Another advantage of using Multibank is its lower barriers to opening an account. Someone with a local ID can open an account for as little as $50. Foreigners without a cedula can also open an account for $1500, far lower than most banks.
Credicorp is the largest financial institution in Peru and one of the most foreign-friendly banks in Panama. Their presence stays limited within Panama City with their 11 branches. Even then, what they have on offer is great for Americans and foreigners.
Using Credicorp has a few advantages if you live within or near Panama City. Because the bank’s concentration is within the city, it’s easy to access finances within the area.
What makes Credicorp attractive to foreigners is the support they give. For starters, their website is easy to use, providing an English page. It’s easy to navigate in their online banking site and work around what you need from them.
Credicorp also has a lower barrier to open an account with their banks.
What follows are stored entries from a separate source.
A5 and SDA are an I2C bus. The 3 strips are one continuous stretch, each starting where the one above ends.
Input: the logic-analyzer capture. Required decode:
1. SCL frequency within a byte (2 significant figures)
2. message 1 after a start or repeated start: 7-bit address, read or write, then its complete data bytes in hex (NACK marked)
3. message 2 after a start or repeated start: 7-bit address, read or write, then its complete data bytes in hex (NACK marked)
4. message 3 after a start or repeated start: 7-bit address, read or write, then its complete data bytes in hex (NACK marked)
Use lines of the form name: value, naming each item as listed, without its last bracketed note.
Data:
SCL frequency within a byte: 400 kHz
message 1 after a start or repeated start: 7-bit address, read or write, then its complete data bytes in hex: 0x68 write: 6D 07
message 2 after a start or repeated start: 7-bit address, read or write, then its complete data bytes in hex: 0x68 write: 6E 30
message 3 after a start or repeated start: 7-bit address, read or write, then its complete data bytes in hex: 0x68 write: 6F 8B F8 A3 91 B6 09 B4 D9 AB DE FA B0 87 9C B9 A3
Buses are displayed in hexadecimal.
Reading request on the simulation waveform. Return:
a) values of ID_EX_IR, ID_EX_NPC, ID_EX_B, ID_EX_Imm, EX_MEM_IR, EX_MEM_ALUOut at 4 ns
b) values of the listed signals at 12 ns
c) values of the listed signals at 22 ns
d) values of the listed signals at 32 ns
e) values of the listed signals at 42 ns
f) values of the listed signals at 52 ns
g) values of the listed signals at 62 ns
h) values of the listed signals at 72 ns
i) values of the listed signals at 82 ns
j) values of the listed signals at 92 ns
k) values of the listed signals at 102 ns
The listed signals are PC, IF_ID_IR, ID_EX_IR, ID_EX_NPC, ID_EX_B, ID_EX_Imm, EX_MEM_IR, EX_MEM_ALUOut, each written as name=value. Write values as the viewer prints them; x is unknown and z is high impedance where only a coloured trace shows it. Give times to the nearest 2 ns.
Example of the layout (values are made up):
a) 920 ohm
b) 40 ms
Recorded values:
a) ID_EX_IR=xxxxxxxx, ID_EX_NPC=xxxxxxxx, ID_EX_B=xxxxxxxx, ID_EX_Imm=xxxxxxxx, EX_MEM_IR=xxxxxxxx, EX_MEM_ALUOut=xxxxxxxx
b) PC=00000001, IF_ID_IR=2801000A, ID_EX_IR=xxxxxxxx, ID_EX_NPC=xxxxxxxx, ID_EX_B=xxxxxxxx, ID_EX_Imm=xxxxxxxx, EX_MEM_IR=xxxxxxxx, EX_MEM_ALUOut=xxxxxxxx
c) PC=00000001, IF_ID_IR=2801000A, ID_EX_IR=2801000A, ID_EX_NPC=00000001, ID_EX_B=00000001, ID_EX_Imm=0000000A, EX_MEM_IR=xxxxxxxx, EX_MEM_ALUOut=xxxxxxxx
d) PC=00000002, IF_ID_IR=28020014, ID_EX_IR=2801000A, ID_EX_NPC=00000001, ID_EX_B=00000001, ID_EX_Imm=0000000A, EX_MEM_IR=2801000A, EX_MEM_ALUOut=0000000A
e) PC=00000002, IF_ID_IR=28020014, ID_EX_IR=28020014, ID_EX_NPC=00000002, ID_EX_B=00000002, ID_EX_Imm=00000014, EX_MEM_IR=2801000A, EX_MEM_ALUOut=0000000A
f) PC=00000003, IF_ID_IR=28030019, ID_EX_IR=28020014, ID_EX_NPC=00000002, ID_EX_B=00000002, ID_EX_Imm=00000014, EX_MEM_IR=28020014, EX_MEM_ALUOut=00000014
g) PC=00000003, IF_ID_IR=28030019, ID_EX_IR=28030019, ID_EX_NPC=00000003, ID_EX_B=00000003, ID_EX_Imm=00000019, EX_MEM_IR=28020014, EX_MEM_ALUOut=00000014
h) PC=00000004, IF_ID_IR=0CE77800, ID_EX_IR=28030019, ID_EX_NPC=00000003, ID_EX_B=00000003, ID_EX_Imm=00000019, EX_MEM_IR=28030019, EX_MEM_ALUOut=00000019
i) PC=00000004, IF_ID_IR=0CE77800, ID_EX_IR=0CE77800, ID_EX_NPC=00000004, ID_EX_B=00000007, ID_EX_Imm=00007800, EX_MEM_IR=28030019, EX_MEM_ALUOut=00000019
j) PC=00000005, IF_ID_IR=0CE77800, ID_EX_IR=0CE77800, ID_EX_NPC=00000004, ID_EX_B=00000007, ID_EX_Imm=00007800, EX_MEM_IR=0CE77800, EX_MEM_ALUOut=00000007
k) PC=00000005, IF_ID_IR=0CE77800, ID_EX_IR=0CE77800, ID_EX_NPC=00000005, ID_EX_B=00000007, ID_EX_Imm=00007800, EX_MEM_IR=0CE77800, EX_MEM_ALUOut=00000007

Savings accounts with Credicorp start at $150 for permanent residents and $600 for legal foreigners. Checking accounts start at $800 for permanent residents and $1500 for legal foreigners.
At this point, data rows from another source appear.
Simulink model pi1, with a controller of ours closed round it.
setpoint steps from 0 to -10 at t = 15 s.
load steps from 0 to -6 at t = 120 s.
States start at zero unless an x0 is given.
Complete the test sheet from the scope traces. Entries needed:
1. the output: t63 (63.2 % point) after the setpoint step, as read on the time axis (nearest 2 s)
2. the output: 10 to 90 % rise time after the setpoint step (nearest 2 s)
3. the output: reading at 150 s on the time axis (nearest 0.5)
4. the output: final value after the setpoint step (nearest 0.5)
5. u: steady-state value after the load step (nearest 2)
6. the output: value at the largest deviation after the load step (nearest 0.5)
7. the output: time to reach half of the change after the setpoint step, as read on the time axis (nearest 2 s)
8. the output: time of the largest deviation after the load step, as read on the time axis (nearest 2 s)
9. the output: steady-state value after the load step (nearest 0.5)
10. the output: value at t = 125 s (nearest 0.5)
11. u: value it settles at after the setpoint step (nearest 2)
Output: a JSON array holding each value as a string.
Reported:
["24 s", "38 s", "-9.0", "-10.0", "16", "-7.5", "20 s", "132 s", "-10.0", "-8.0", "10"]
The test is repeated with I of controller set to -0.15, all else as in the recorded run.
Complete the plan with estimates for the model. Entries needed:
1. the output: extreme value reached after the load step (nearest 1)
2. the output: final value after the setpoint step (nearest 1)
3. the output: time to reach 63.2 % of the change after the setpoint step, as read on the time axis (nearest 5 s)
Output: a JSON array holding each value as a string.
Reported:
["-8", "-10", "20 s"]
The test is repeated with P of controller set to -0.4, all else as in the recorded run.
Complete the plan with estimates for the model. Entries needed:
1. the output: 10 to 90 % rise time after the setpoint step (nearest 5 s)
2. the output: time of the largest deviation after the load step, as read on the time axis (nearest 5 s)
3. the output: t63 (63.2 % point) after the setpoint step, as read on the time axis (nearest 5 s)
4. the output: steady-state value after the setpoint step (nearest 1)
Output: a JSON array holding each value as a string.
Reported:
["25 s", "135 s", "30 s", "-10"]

Banistmo is the largest commercial bank in Panama and Central America. It began as the Primer Banco Del Istmo in 1984. For a while, it was a part of HSBC Panama, until their exit and eventual buyout in 2013 that renamed the bank Banistmo.
As the biggest private banking institution in Panama, it has the most extensive banking options. It has 45 branches and more than 284 ATMs across Panama, giving it a wide area of service. If you’re living outside Panama City, Banistmo is the bank you want.
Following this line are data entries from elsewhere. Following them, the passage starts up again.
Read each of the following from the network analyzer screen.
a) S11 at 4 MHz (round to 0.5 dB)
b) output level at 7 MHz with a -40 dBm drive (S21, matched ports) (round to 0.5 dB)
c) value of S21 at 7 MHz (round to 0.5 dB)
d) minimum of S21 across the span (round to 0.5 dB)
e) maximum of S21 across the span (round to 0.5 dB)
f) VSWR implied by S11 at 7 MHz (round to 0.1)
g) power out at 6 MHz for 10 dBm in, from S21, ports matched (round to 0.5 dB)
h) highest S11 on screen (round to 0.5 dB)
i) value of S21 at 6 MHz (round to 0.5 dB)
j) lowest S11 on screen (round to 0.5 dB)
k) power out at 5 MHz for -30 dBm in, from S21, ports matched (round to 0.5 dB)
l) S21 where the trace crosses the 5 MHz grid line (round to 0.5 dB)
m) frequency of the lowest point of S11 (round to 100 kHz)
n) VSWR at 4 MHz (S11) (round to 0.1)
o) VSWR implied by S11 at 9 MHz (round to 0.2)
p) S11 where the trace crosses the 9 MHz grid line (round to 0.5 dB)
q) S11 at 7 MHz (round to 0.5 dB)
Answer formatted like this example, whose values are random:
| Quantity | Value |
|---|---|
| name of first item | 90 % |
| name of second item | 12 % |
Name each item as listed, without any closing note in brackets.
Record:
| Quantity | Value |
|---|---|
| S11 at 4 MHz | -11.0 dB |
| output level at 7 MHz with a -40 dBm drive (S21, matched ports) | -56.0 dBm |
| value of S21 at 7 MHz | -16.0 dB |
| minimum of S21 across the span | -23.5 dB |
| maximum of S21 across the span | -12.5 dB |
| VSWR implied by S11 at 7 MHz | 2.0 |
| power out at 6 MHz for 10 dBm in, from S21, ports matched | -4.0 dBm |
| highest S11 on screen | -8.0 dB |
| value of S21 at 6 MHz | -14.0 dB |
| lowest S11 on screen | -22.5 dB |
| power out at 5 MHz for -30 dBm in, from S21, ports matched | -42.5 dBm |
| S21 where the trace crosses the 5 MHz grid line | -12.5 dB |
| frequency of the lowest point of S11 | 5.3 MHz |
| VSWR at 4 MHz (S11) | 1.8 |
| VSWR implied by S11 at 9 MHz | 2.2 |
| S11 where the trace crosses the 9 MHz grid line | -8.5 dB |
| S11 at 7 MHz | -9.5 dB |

Why would you pick Banistmo over other banks? Other than their sheer presence in the entire country, they are also easy to deal with for foreigners. Banistmo also has one of the most foreigner-friendly account opening policies in Panama.
Most of the requirements they need are standard documentation you likely already have. To open an account, you only need $50 as the minimum deposit for regular savings. For current accounts, you would need up $3000 to start.
9. BAC Credomatic
BAC Credomatic is one of Central America’s largest, most stable banking institutions. It started in Managua in 1952 as Banco de America Central. They were one of the first to venture into credit cards in the region under the Credomatic brand.
BAC has presence all over Panama, with over 36 branches and more than 200 ATMs and kiosks. This bank is the best if you are going around Central America, with a presence available in its entirety. It’s also easy to start a bank account with BAC, known to be among the most foreigner-friendly banks in Panama.
BAC only needs $50 to open a savings account and $300 to open a current account. For savings accounts, their list of requirements is as little as it can be. This includes valid IDs, personal references or APC, evidence of income, proof of residency, and work permits.
If you plan on staying long-term in Panama, BAC is a solid choice for you.
Banking in Panama can be a challenge if you are an American or foreigner to the country. Not all banks have policies set to cater to your needs. You need to find the best bank for you if you’re staying in Panama for a longer time.
There are nine banking institutions in Panama that you can rely on if you are a foreigner. Each provides you different advantages. It’s best to go to your local banks and see if they are right for you. Talk to someone who works in the bank or get recommendations from people you trust.
Which banks in Panama do you use? Which banks do you do business with? What’s your experience with them?
Use the information we gave, and see which of the best banks in Panama fit your needs.